Task brief:
List all lines of the data that include the string "equation".

=== Dataset entries ===

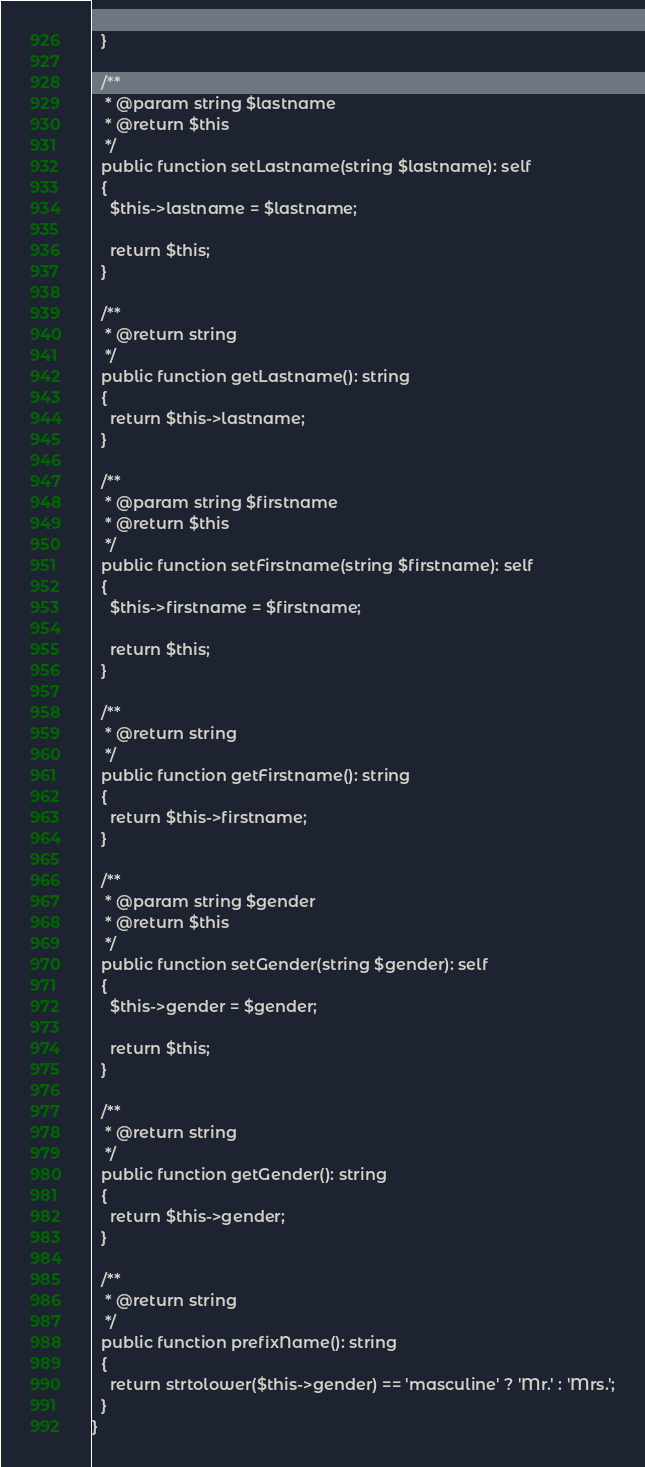<code> <loc_0><loc_0><loc_500><loc_500><_PHP_>  }

  /**
   * @param string $lastname
   * @return $this
   */
  public function setLastname(string $lastname): self
  {
    $this->lastname = $lastname;

    return $this;
  }

  /**
   * @return string
   */
  public function getLastname(): string
  {
    return $this->lastname;
  }

  /**
   * @param string $firstname
   * @return $this
   */
  public function setFirstname(string $firstname): self
  {
    $this->firstname = $firstname;

    return $this;
  }

  /**
   * @return string
   */
  public function getFirstname(): string
  {
    return $this->firstname;
  }

  /**
   * @param string $gender
   * @return $this
   */
  public function setGender(string $gender): self
  {
    $this->gender = $gender;

    return $this;
  }

  /**
   * @return string
   */
  public function getGender(): string
  {
    return $this->gender;
  }

  /**
   * @return string
   */
  public function prefixName(): string
  {
    return strtolower($this->gender) == 'masculine' ? 'Mr.' : 'Mrs.';
  }
}
</code> 
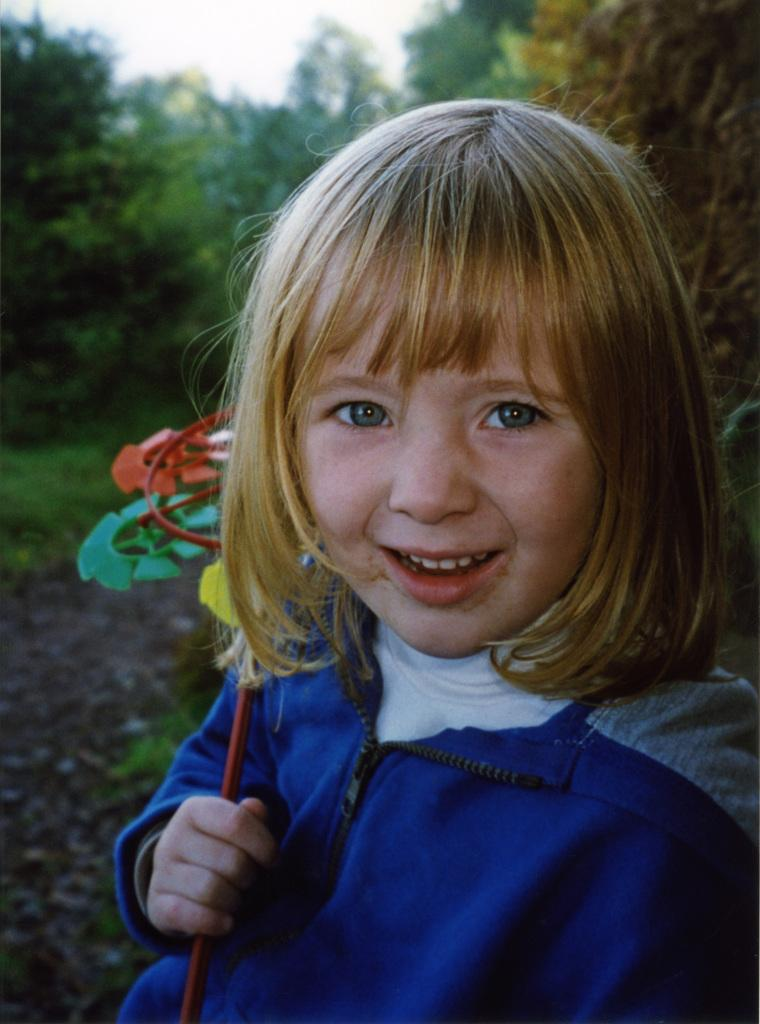Who is the main subject in the image? There is a girl in the center of the image. What is the girl wearing? The girl is wearing a blue jacket. What is the girl holding in the image? The girl is holding a hand fan. What can be seen in the background of the image? There are trees and the sky visible in the background of the image. What type of minister is standing next to the girl in the image? There is no minister present in the image; it only features a girl holding a hand fan. What are the girl's father and horses doing in the image? There is no father or horses present in the image. 
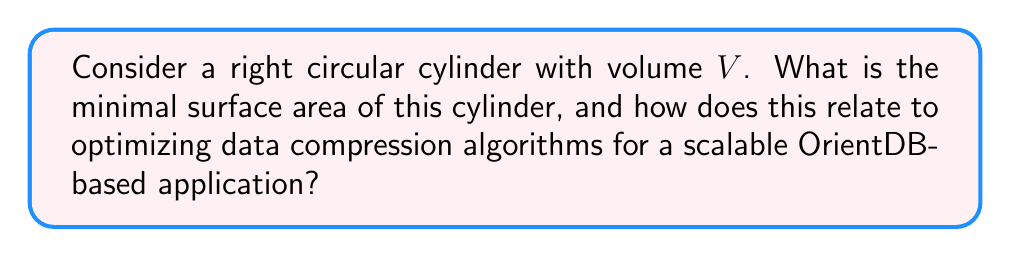Show me your answer to this math problem. Let's approach this step-by-step:

1) For a right circular cylinder with radius $r$ and height $h$, we have:
   Volume: $V = \pi r^2 h$
   Surface Area: $S = 2\pi r^2 + 2\pi rh$

2) We want to minimize $S$ for a given $V$. We can express $h$ in terms of $V$ and $r$:
   $h = \frac{V}{\pi r^2}$

3) Substituting this into the surface area equation:
   $S = 2\pi r^2 + 2\pi r(\frac{V}{\pi r^2}) = 2\pi r^2 + \frac{2V}{r}$

4) To find the minimum, we differentiate $S$ with respect to $r$ and set it to zero:
   $\frac{dS}{dr} = 4\pi r - \frac{2V}{r^2} = 0$

5) Solving this equation:
   $4\pi r^3 = 2V$
   $r^3 = \frac{V}{2\pi}$
   $r = (\frac{V}{2\pi})^{\frac{1}{3}}$

6) The corresponding height is:
   $h = \frac{V}{\pi r^2} = \frac{V}{\pi (\frac{V}{2\pi})^{\frac{2}{3}}} = 2(\frac{V}{2\pi})^{\frac{1}{3}}$

7) Note that $h = 2r$, which is a key property of the optimal cylinder.

8) The minimal surface area is:
   $S_{min} = 2\pi r^2 + 2\pi rh = 2\pi (\frac{V}{2\pi})^{\frac{2}{3}} + 4\pi (\frac{V}{2\pi})^{\frac{2}{3}} = 6(\pi V^2)^{\frac{1}{3}}$

Relation to data compression in OrientDB:
This problem relates to optimizing data storage and retrieval in OrientDB. By minimizing the surface area for a given volume, we're essentially finding the most efficient way to package data. In the context of data compression algorithms, this could translate to minimizing the "overhead" (surface area) while maximizing the actual data stored (volume). For a scalable application, this optimization could lead to more efficient use of storage space and potentially faster data access times.
Answer: $S_{min} = 6(\pi V^2)^{\frac{1}{3}}$, where $V$ is the given volume 
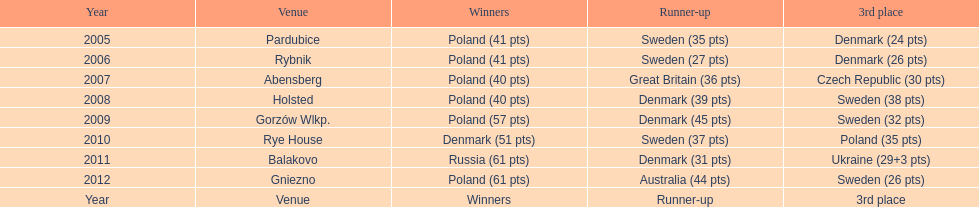What was the ultimate year that a 3rd place finish resulted in less than 25 points? 2005. 
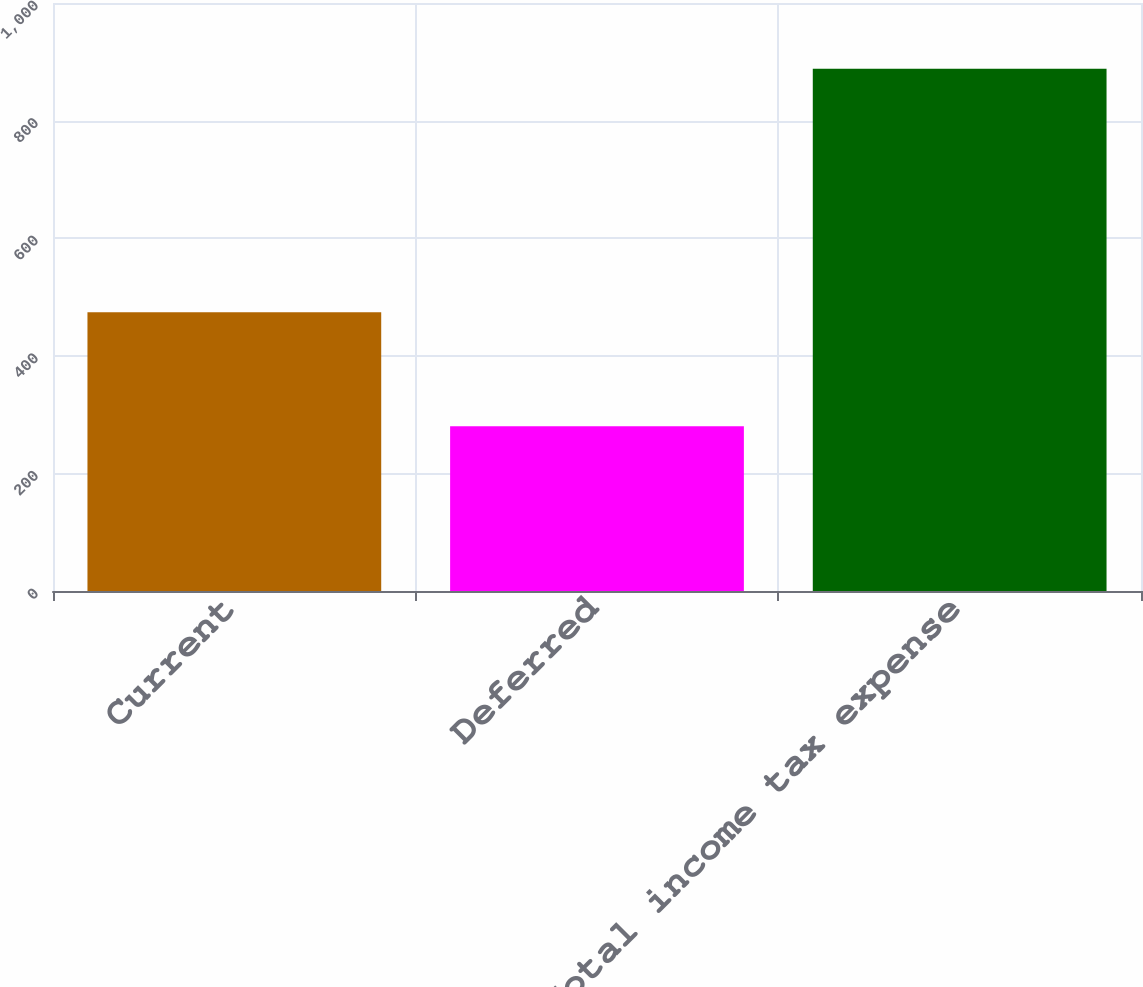<chart> <loc_0><loc_0><loc_500><loc_500><bar_chart><fcel>Current<fcel>Deferred<fcel>Total income tax expense<nl><fcel>474<fcel>280<fcel>888<nl></chart> 
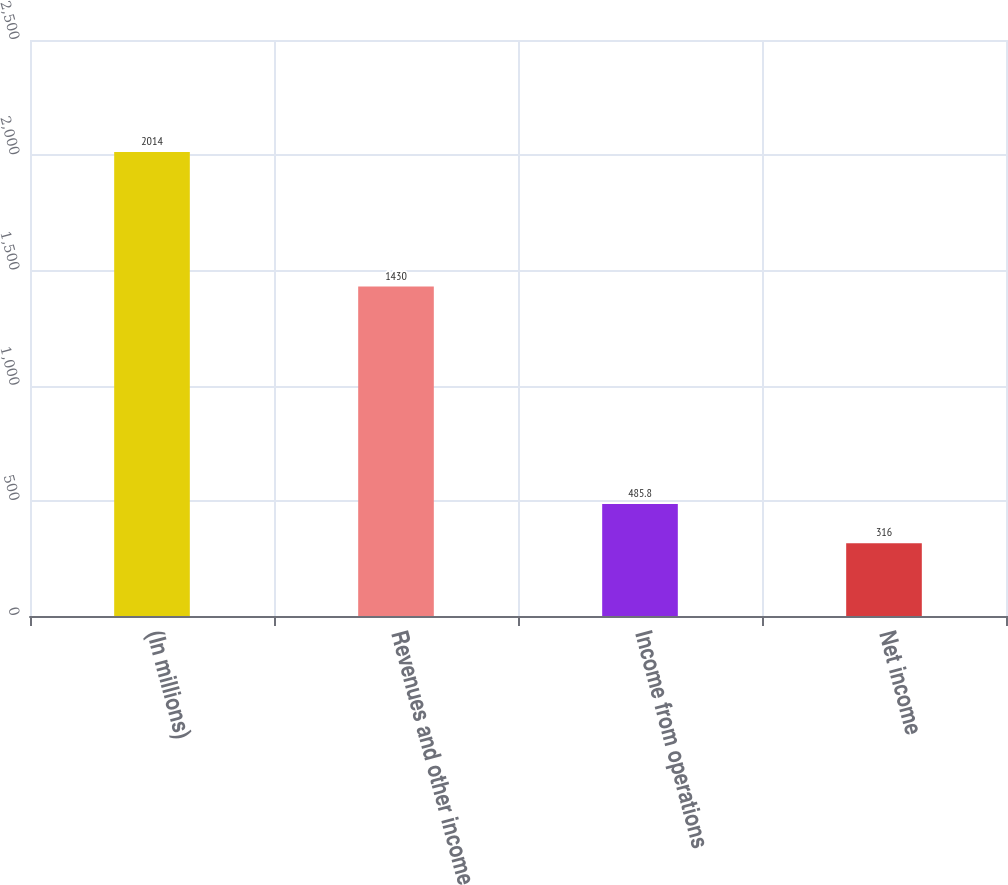Convert chart to OTSL. <chart><loc_0><loc_0><loc_500><loc_500><bar_chart><fcel>(In millions)<fcel>Revenues and other income<fcel>Income from operations<fcel>Net income<nl><fcel>2014<fcel>1430<fcel>485.8<fcel>316<nl></chart>

===

Response to the exercise:
3) Substituting this into the surface area equation:
5) Solving this equation:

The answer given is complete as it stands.